═════ Records to use ═════
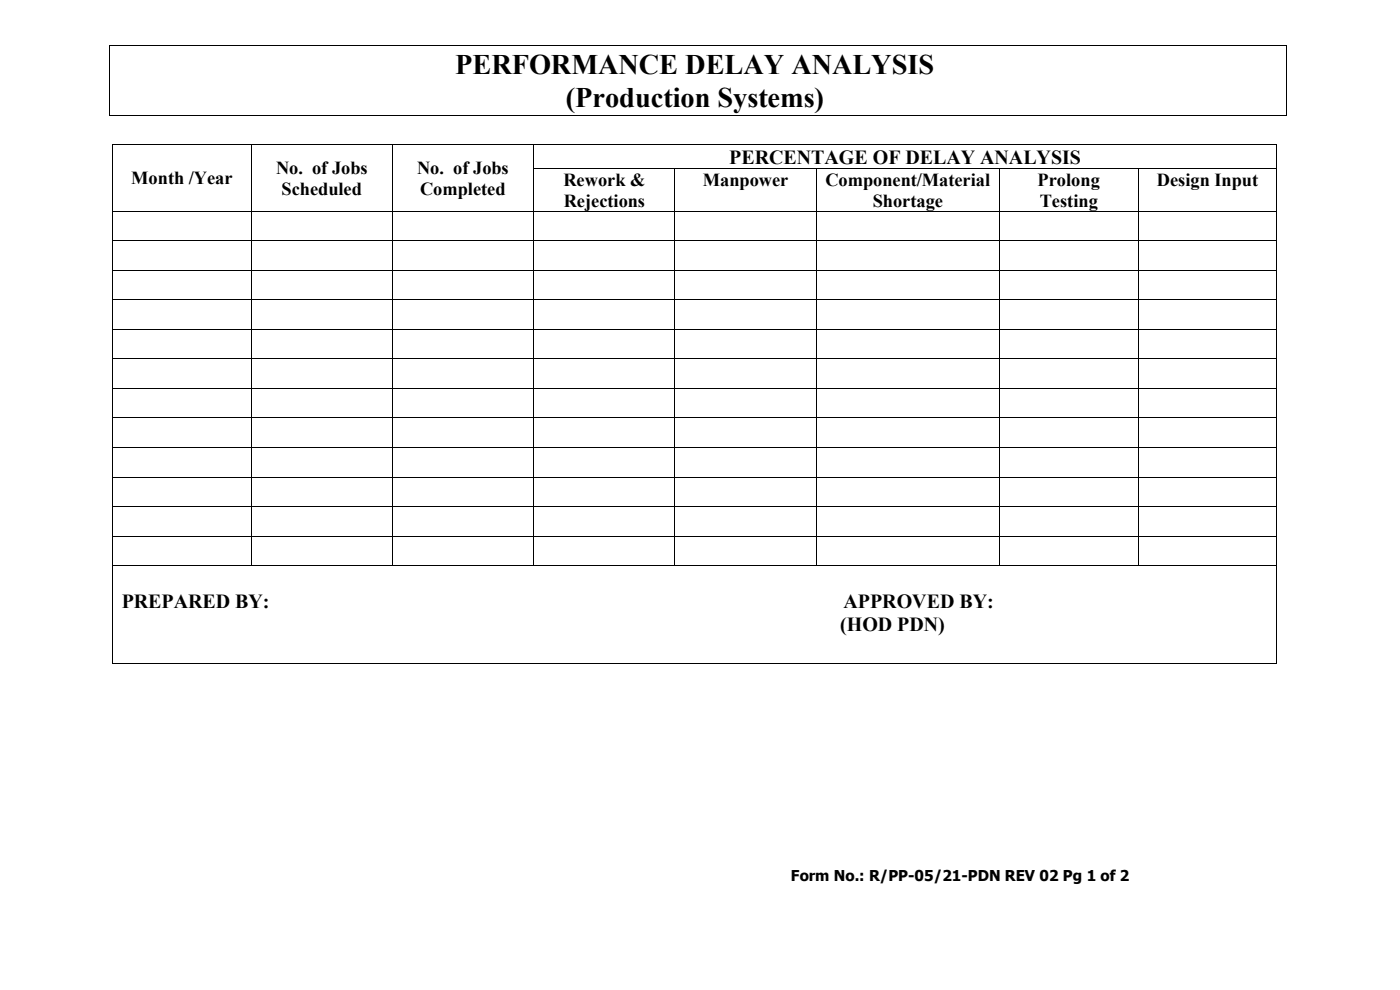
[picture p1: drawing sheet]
<svg xmlns="http://www.w3.org/2000/svg" width="297mm" height="210mm" viewBox="0 0 297 210" stroke-linecap="round" stroke-linejoin="round" font-family="sans-serif">
<defs><g id="words">
<g font-size="6">
<text x="96.6" y="15.7">PERFORMANCE DELAY ANALYSIS</text>
<text x="120" y="22.7">(Production Systems)</text>
</g>
<g font-size="4.2">
<text x="154.7" y="34.7">PERCENTAGE OF DELAY ANALYSIS</text>
<text x="25.8" y="128.9">PREPARED BY:</text>
<text x="179" y="128.9">APPROVED BY:</text>
<text x="178.2" y="133.8">(HOD PDN)</text>
</g>
<g font-size="3.9">
<text x="27.9" y="39.1">Month /Year</text>
<text x="58.6" y="36.9">No. of Jobs</text>
<text x="59.7" y="41.4">Scheduled</text>
<text x="88.5" y="36.9">No. of Jobs</text>
<text x="89.1" y="41.4">Completed</text>
<text x="119.5" y="39.4">Rework &amp;</text>
<text x="149.1" y="39.4">Manpower</text>
<text x="175.1" y="39.4">Component/Material</text>
<text x="220.1" y="39.4">Prolong</text>
<text x="245.4" y="39.4">Design Input</text>
<text x="119.6" y="43.9">Rejections</text>
<text x="185.1" y="43.9">Shortage</text>
<text x="220.6" y="43.9">Testing</text>
</g>
<text font-size="3.2" x="167.8" y="187">Form No.: R/PP-05/21-PDN REV 02 Pg 1 of 2</text>
</g></defs>
<g fill="#000">
<path d="M23.2 9.7h.1v.1h-.1z" fill-rule="evenodd"/>
<path d="M23.2 9.7h.1v.1h-.1z" fill-rule="evenodd"/>
<path d="M272.9 9.7h.2v.1h-.2z" fill-rule="evenodd"/>
<path d="M272.9 9.7h.2v.1h-.2z" fill-rule="evenodd"/>
<path d="M23.2 24.3h.1v.2h-.1z" fill-rule="evenodd"/>
<path d="M23.2 24.3h.1v.2h-.1z" fill-rule="evenodd"/>
<path d="M23.8 30.6h.2v.1h-.2z" fill-rule="evenodd"/>
<path d="M23.8 30.6h.2v.1h-.2z" fill-rule="evenodd"/>
<path d="M23.8 35.7h.2v.1h-.2z" fill-rule="evenodd"/>
<path d="M53.2 30.6h.2v.1h-.2z" fill-rule="evenodd"/>
<path d="M53.2 35.7h.2v.1h-.2z" fill-rule="evenodd"/>
<path d="M83.1 30.6h.2v.1h-.2z" fill-rule="evenodd"/>
<path d="M83.1 35.7h.2v.1h-.2z" fill-rule="evenodd"/>
<path d="M113.2 30.6h.1v.1h-.1z" fill-rule="evenodd"/>
<path d="M113.2 35.7h.1v.1h-.1z" fill-rule="evenodd"/>
<path d="M143.1 35.7h.2v.1h-.2z" fill-rule="evenodd"/>
<path d="M173.1 35.7h.2v.1h-.2z" fill-rule="evenodd"/>
<path d="M211.9 35.7h.1v.1h-.1z" fill-rule="evenodd"/>
<path d="M241.5 35.7h.1v.1h-.1z" fill-rule="evenodd"/>
<path d="M270.8 30.6h.2v.1h-.2z" fill-rule="evenodd"/>
<path d="M270.8 30.6h.2v.1h-.2z" fill-rule="evenodd"/>
<path d="M270.8 35.7h.2v.1h-.2z" fill-rule="evenodd"/>
<path d="M272.9 24.3h.2v.2h-.2z" fill-rule="evenodd"/>
<path d="M272.9 24.3h.2v.2h-.2z" fill-rule="evenodd"/>
<path d="M23.8 44.8h.2v.1h-.2z" fill-rule="evenodd"/>
<path d="M23.8 51h.2v.2h-.2z" fill-rule="evenodd"/>
<path d="M23.8 57.2h.2v.2h-.2z" fill-rule="evenodd"/>
<path d="M53.2 44.8h.2v.1h-.2z" fill-rule="evenodd"/>
<path d="M53.2 51h.2v.2h-.2z" fill-rule="evenodd"/>
<path d="M53.2 57.2h.2v.2h-.2z" fill-rule="evenodd"/>
<path d="M83.1 44.8h.2v.1h-.2z" fill-rule="evenodd"/>
<path d="M83.1 51h.2v.2h-.2z" fill-rule="evenodd"/>
<path d="M83.1 57.2h.2v.2h-.2z" fill-rule="evenodd"/>
<path d="M113.2 44.8h.1v.1h-.1z" fill-rule="evenodd"/>
<path d="M113.2 51h.1v.2h-.1z" fill-rule="evenodd"/>
<path d="M113.2 57.2h.1v.2h-.1z" fill-rule="evenodd"/>
<path d="M143.1 44.8h.2v.1h-.2z" fill-rule="evenodd"/>
<path d="M143.1 51h.2v.2h-.2z" fill-rule="evenodd"/>
<path d="M143.1 57.2h.2v.2h-.2z" fill-rule="evenodd"/>
<path d="M173.1 44.8h.2v.1h-.2z" fill-rule="evenodd"/>
<path d="M173.1 51h.2v.2h-.2z" fill-rule="evenodd"/>
<path d="M173.1 57.2h.2v.2h-.2z" fill-rule="evenodd"/>
<path d="M211.9 44.8h.1v.1h-.1z" fill-rule="evenodd"/>
<path d="M211.9 51h.1v.2h-.1z" fill-rule="evenodd"/>
<path d="M211.9 57.2h.1v.2h-.1z" fill-rule="evenodd"/>
<path d="M241.5 44.8h.1v.1h-.1z" fill-rule="evenodd"/>
<path d="M241.5 51h.1v.2h-.1z" fill-rule="evenodd"/>
<path d="M241.5 57.2h.1v.2h-.1z" fill-rule="evenodd"/>
<path d="M270.8 44.8h.2v.1h-.2z" fill-rule="evenodd"/>
<path d="M270.8 51h.2v.2h-.2z" fill-rule="evenodd"/>
<path d="M270.8 57.2h.2v.2h-.2z" fill-rule="evenodd"/>
<path d="M23.8 63.5h.2v.2h-.2z" fill-rule="evenodd"/>
<path d="M23.8 69.8h.2v.2h-.2z" fill-rule="evenodd"/>
<path d="M23.8 76h.2v.2h-.2z" fill-rule="evenodd"/>
<path d="M53.2 63.5h.2v.2h-.2z" fill-rule="evenodd"/>
<path d="M53.2 69.8h.2v.2h-.2z" fill-rule="evenodd"/>
<path d="M53.2 76h.2v.2h-.2z" fill-rule="evenodd"/>
<path d="M83.1 63.5h.2v.2h-.2z" fill-rule="evenodd"/>
<path d="M83.1 69.8h.2v.2h-.2z" fill-rule="evenodd"/>
<path d="M83.1 76h.2v.2h-.2z" fill-rule="evenodd"/>
<path d="M113.2 63.5h.1v.2h-.1z" fill-rule="evenodd"/>
<path d="M113.2 69.8h.1v.2h-.1z" fill-rule="evenodd"/>
<path d="M113.2 76h.1v.2h-.1z" fill-rule="evenodd"/>
<path d="M143.1 63.5h.2v.2h-.2z" fill-rule="evenodd"/>
<path d="M143.1 69.8h.2v.2h-.2z" fill-rule="evenodd"/>
<path d="M143.1 76h.2v.2h-.2z" fill-rule="evenodd"/>
<path d="M173.1 63.5h.2v.2h-.2z" fill-rule="evenodd"/>
<path d="M173.1 69.8h.2v.2h-.2z" fill-rule="evenodd"/>
<path d="M173.1 76h.2v.2h-.2z" fill-rule="evenodd"/>
<path d="M211.9 63.5h.1v.2h-.1z" fill-rule="evenodd"/>
<path d="M211.9 69.8h.1v.2h-.1z" fill-rule="evenodd"/>
<path d="M211.9 76h.1v.2h-.1z" fill-rule="evenodd"/>
<path d="M241.5 63.5h.1v.2h-.1z" fill-rule="evenodd"/>
<path d="M241.5 69.8h.1v.2h-.1z" fill-rule="evenodd"/>
<path d="M241.5 76h.1v.2h-.1z" fill-rule="evenodd"/>
<path d="M270.8 63.5h.2v.2h-.2z" fill-rule="evenodd"/>
<path d="M270.8 69.8h.2v.2h-.2z" fill-rule="evenodd"/>
<path d="M270.8 76h.2v.2h-.2z" fill-rule="evenodd"/>
<path d="M23.8 82.3h.2v.2h-.2z" fill-rule="evenodd"/>
<path d="M23.8 88.6h.2v.1h-.2z" fill-rule="evenodd"/>
<path d="M23.8 94.8h.2v.2h-.2z" fill-rule="evenodd"/>
<path d="M53.2 82.3h.2v.2h-.2z" fill-rule="evenodd"/>
<path d="M53.2 88.6h.2v.1h-.2z" fill-rule="evenodd"/>
<path d="M53.2 94.8h.2v.2h-.2z" fill-rule="evenodd"/>
<path d="M83.1 82.3h.2v.2h-.2z" fill-rule="evenodd"/>
<path d="M83.1 88.6h.2v.1h-.2z" fill-rule="evenodd"/>
<path d="M83.1 94.8h.2v.2h-.2z" fill-rule="evenodd"/>
<path d="M113.2 82.3h.1v.2h-.1z" fill-rule="evenodd"/>
<path d="M113.2 88.6h.1v.1h-.1z" fill-rule="evenodd"/>
<path d="M113.2 94.8h.1v.2h-.1z" fill-rule="evenodd"/>
<path d="M143.1 82.3h.2v.2h-.2z" fill-rule="evenodd"/>
<path d="M143.1 88.6h.2v.1h-.2z" fill-rule="evenodd"/>
<path d="M143.1 94.8h.2v.2h-.2z" fill-rule="evenodd"/>
<path d="M173.1 82.3h.2v.2h-.2z" fill-rule="evenodd"/>
<path d="M173.1 88.6h.2v.1h-.2z" fill-rule="evenodd"/>
<path d="M173.1 94.8h.2v.2h-.2z" fill-rule="evenodd"/>
<path d="M211.9 82.3h.1v.2h-.1z" fill-rule="evenodd"/>
<path d="M211.9 88.6h.1v.1h-.1z" fill-rule="evenodd"/>
<path d="M211.9 94.8h.1v.2h-.1z" fill-rule="evenodd"/>
<path d="M241.5 82.3h.1v.2h-.1z" fill-rule="evenodd"/>
<path d="M241.5 88.6h.1v.1h-.1z" fill-rule="evenodd"/>
<path d="M241.5 94.8h.1v.2h-.1z" fill-rule="evenodd"/>
<path d="M270.8 82.3h.2v.2h-.2z" fill-rule="evenodd"/>
<path d="M270.8 88.6h.2v.1h-.2z" fill-rule="evenodd"/>
<path d="M270.8 94.8h.2v.2h-.2z" fill-rule="evenodd"/>
<path d="M23.8 101.1h.2v.2h-.2z" fill-rule="evenodd"/>
<path d="M23.8 107.4h.2v.1h-.2z" fill-rule="evenodd"/>
<path d="M23.8 113.6h.2v.2h-.2z" fill-rule="evenodd"/>
<path d="M53.2 101.1h.2v.2h-.2z" fill-rule="evenodd"/>
<path d="M53.2 107.4h.2v.1h-.2z" fill-rule="evenodd"/>
<path d="M53.2 113.6h.2v.2h-.2z" fill-rule="evenodd"/>
<path d="M83.1 101.1h.2v.2h-.2z" fill-rule="evenodd"/>
<path d="M83.1 107.4h.2v.1h-.2z" fill-rule="evenodd"/>
<path d="M83.1 113.6h.2v.2h-.2z" fill-rule="evenodd"/>
<path d="M113.2 101.1h.1v.2h-.1z" fill-rule="evenodd"/>
<path d="M113.2 107.4h.1v.1h-.1z" fill-rule="evenodd"/>
<path d="M113.2 113.6h.1v.2h-.1z" fill-rule="evenodd"/>
<path d="M143.1 101.1h.2v.2h-.2z" fill-rule="evenodd"/>
<path d="M143.1 107.4h.2v.1h-.2z" fill-rule="evenodd"/>
<path d="M143.1 113.6h.2v.2h-.2z" fill-rule="evenodd"/>
<path d="M173.1 101.1h.2v.2h-.2z" fill-rule="evenodd"/>
<path d="M173.1 107.4h.2v.1h-.2z" fill-rule="evenodd"/>
<path d="M173.1 113.6h.2v.2h-.2z" fill-rule="evenodd"/>
<path d="M211.9 101.1h.1v.2h-.1z" fill-rule="evenodd"/>
<path d="M211.9 107.4h.1v.1h-.1z" fill-rule="evenodd"/>
<path d="M211.9 113.6h.1v.2h-.1z" fill-rule="evenodd"/>
<path d="M241.5 101.1h.1v.2h-.1z" fill-rule="evenodd"/>
<path d="M241.5 107.4h.1v.1h-.1z" fill-rule="evenodd"/>
<path d="M241.5 113.6h.1v.2h-.1z" fill-rule="evenodd"/>
<path d="M270.8 101.1h.2v.2h-.2z" fill-rule="evenodd"/>
<path d="M270.8 107.4h.2v.1h-.2z" fill-rule="evenodd"/>
<path d="M270.8 113.6h.2v.2h-.2z" fill-rule="evenodd"/>
<path d="M23.8 119.9h.2v.1h-.2z" fill-rule="evenodd"/>
<path d="M53.2 119.9h.2v.1h-.2z" fill-rule="evenodd"/>
<path d="M83.1 119.9h.2v.1h-.2z" fill-rule="evenodd"/>
<path d="M113.2 119.9h.1v.1h-.1z" fill-rule="evenodd"/>
<path d="M143.1 119.9h.2v.1h-.2z" fill-rule="evenodd"/>
<path d="M173.1 119.9h.2v.1h-.2z" fill-rule="evenodd"/>
<path d="M211.9 119.9h.1v.1h-.1z" fill-rule="evenodd"/>
<path d="M241.5 119.9h.1v.1h-.1z" fill-rule="evenodd"/>
<path d="M270.8 119.9h.2v.1h-.2z" fill-rule="evenodd"/>
<path d="M23.8 140.7h.2v.2h-.2z" fill-rule="evenodd"/>
<path d="M23.8 140.7h.2v.2h-.2z" fill-rule="evenodd"/>
<path d="M270.8 140.7h.2v.2h-.2z" fill-rule="evenodd"/>
<path d="M270.8 140.7h.2v.2h-.2z" fill-rule="evenodd"/>
</g>
<g fill="none" stroke="#000" stroke-width=".21">
<path d="M23.2 9.8v14.5M23.3 9.7h249.6M273 9.8v14.5M23.3 24.4h249.6M23.9 30.7v5M23.9 35.8v9M24 30.7h29.2M53.3 30.7v5M53.3 35.8v9M53.4 30.7h29.7M83.2 30.7v5M83.2 35.8v9"/>
<path d="M83.3 30.7h29.9M113.3 30.7v5M113.3 35.8v9M113.3 30.7h157.5M113.3 35.7h29.8M143.2 35.8v9M143.3 35.7h29.8M173.2 35.8v9M173.3 35.7h38.6M211.9 35.8v9M212 35.7h29.5M241.5 35.8v9"/>
<path d="M241.6 35.7h29.2M270.9 30.7v5M270.9 35.8v9M23.9 44.9v6.1M23.9 51.2v6M23.9 57.4v6.1M24 44.8h29.2M24 51.1h29.2M24 57.3h29.2M53.3 44.9v6.1M53.3 51.2v6M53.3 57.4v6.1"/>
<path d="M53.4 44.8h29.7M53.4 51.1h29.7M53.4 57.3h29.7M83.2 44.9v6.1M83.2 51.2v6M83.2 57.4v6.1M83.3 44.8h29.9M83.3 51.1h29.9M83.3 57.3h29.9M113.3 44.9v6.1M113.3 51.2v6M113.3 57.4v6.1"/>
<path d="M113.3 44.8h29.8M113.3 51.1h29.8M113.3 57.3h29.8M143.2 44.9v6.1M143.2 51.2v6M143.2 57.4v6.1M143.3 44.8h29.8M143.3 51.1h29.8M143.3 57.3h29.8M173.2 44.9v6.1M173.2 51.2v6M173.2 57.4v6.1"/>
<path d="M173.3 44.8h38.6M173.3 51.1h38.6M173.3 57.3h38.6M211.9 44.9v6.1M211.9 51.2v6M211.9 57.4v6.1M212 44.8h29.5M212 51.1h29.5M212 57.3h29.5M241.5 44.9v6.1M241.5 51.2v6M241.5 57.4v6.1"/>
<path d="M241.6 44.8h29.2M241.6 51.1h29.2M241.6 57.3h29.2M270.9 44.9v6.1M270.9 51.2v6M270.9 57.4v6.1M23.9 63.7v6.1M23.9 70v6M23.9 76.2v6.1M24 63.6h29.2M24 69.9h29.2M24 76.1h29.2"/>
<path d="M53.3 63.7v6.1M53.3 70v6M53.3 76.2v6.1M53.4 63.6h29.7M53.4 69.9h29.7M53.4 76.1h29.7M83.2 63.7v6.1M83.2 70v6M83.2 76.2v6.1M83.3 63.6h29.9M83.3 69.9h29.9M83.3 76.1h29.9"/>
<path d="M113.3 63.7v6.1M113.3 70v6M113.3 76.2v6.1M113.3 63.6h29.8M113.3 69.9h29.8M113.3 76.1h29.8M143.2 63.7v6.1M143.2 70v6M143.2 76.2v6.1M143.3 63.6h29.8M143.3 69.9h29.8M143.3 76.1h29.8"/>
<path d="M173.2 63.7v6.1M173.2 70v6M173.2 76.2v6.1M173.3 63.6h38.6M173.3 69.9h38.6M173.3 76.1h38.6M211.9 63.7v6.1M211.9 70v6M211.9 76.2v6.1M212 63.6h29.5M212 69.9h29.5M212 76.1h29.5"/>
<path d="M241.5 63.7v6.1M241.5 70v6M241.5 76.2v6.1M241.6 63.6h29.2M241.6 69.9h29.2M241.6 76.1h29.2M270.9 63.7v6.1M270.9 70v6M270.9 76.2v6.1M23.9 82.5v6.1M23.9 88.7v6.1M23.9 95v6.1"/>
<path d="M24 82.4h29.2M24 88.7h29.2M24 94.9h29.2M53.3 82.5v6.1M53.3 88.7v6.1M53.3 95v6.1M53.4 82.4h29.7M53.4 88.7h29.7M53.4 94.9h29.7M83.2 82.5v6.1M83.2 88.7v6.1M83.2 95v6.1"/>
<path d="M83.3 82.4h29.9M83.3 88.7h29.9M83.3 94.9h29.9M113.3 82.5v6.1M113.3 88.7v6.1M113.3 95v6.1M113.3 82.4h29.8M113.3 88.7h29.8M113.3 94.9h29.8M143.2 82.5v6.1M143.2 88.7v6.1M143.2 95v6.1"/>
<path d="M143.3 82.4h29.8M143.3 88.7h29.8M143.3 94.9h29.8M173.2 82.5v6.1M173.2 88.7v6.1M173.2 95v6.1M173.3 82.4h38.6M173.3 88.7h38.6M173.3 94.9h38.6M211.9 82.5v6.1M211.9 88.7v6.1M211.9 95v6.1"/>
<path d="M212 82.4h29.5M212 88.7h29.5M212 94.9h29.5M241.5 82.5v6.1M241.5 88.7v6.1M241.5 95v6.1M241.6 82.4h29.2M241.6 88.7h29.2M241.6 94.9h29.2M270.9 82.5v6.1M270.9 88.7v6.1M270.9 95v6.1"/>
<path d="M23.9 101.3v6.1M23.9 107.5v6.1M23.9 113.8v6.1M24 101.2h29.2M24 107.5h29.2M24 113.7h29.2M24 120h29.2M53.3 101.3v6.1M53.3 107.5v6.1M53.3 113.8v6.1M53.4 101.2h29.7M53.4 107.5h29.7"/>
<path d="M53.4 113.7h29.7M53.4 120h29.7M83.2 101.3v6.1M83.2 107.5v6.1M83.2 113.8v6.1M83.3 101.2h29.9M83.3 107.5h29.9M83.3 113.7h29.9M83.3 120h29.9M113.3 101.3v6.1M113.3 107.5v6.1M113.3 113.8v6.1"/>
<path d="M113.3 101.2h29.8M113.3 107.5h29.8M113.3 113.7h29.8M113.3 120h29.8M143.2 101.3v6.1M143.2 107.5v6.1M143.2 113.8v6.1M143.3 101.2h29.8M143.3 107.5h29.8M143.3 113.7h29.8M143.3 120h29.8M173.2 101.3v6.1"/>
<path d="M173.2 107.5v6.1M173.2 113.8v6.1M173.3 101.2h38.6M173.3 107.5h38.6M173.3 113.7h38.6M173.3 120h38.6M211.9 101.3v6.1M211.9 107.5v6.1M211.9 113.8v6.1M212 101.2h29.5M212 107.5h29.5M212 113.7h29.5"/>
<path d="M212 120h29.5M241.5 101.3v6.1M241.5 107.5v6.1M241.5 113.8v6.1M241.6 101.2h29.2M241.6 107.5h29.2M241.6 113.7h29.2M241.6 120h29.2M270.9 101.3v6.1M270.9 107.5v6.1M270.9 113.8v6.1M23.9 120v20.7"/>
<path d="M270.9 120v20.7M24 140.8h246.8"/>
</g>
<use href="#words"/>
</svg>
═════
Which lines in the data above hold the string "stroke"? Return each of them.

<svg xmlns="http://www.w3.org/2000/svg" width="297mm" height="210mm" viewBox="0 0 297 210" stroke-linecap="round" stroke-linejoin="round" font-family="sans-serif">
<g fill="none" stroke="#000" stroke-width=".21">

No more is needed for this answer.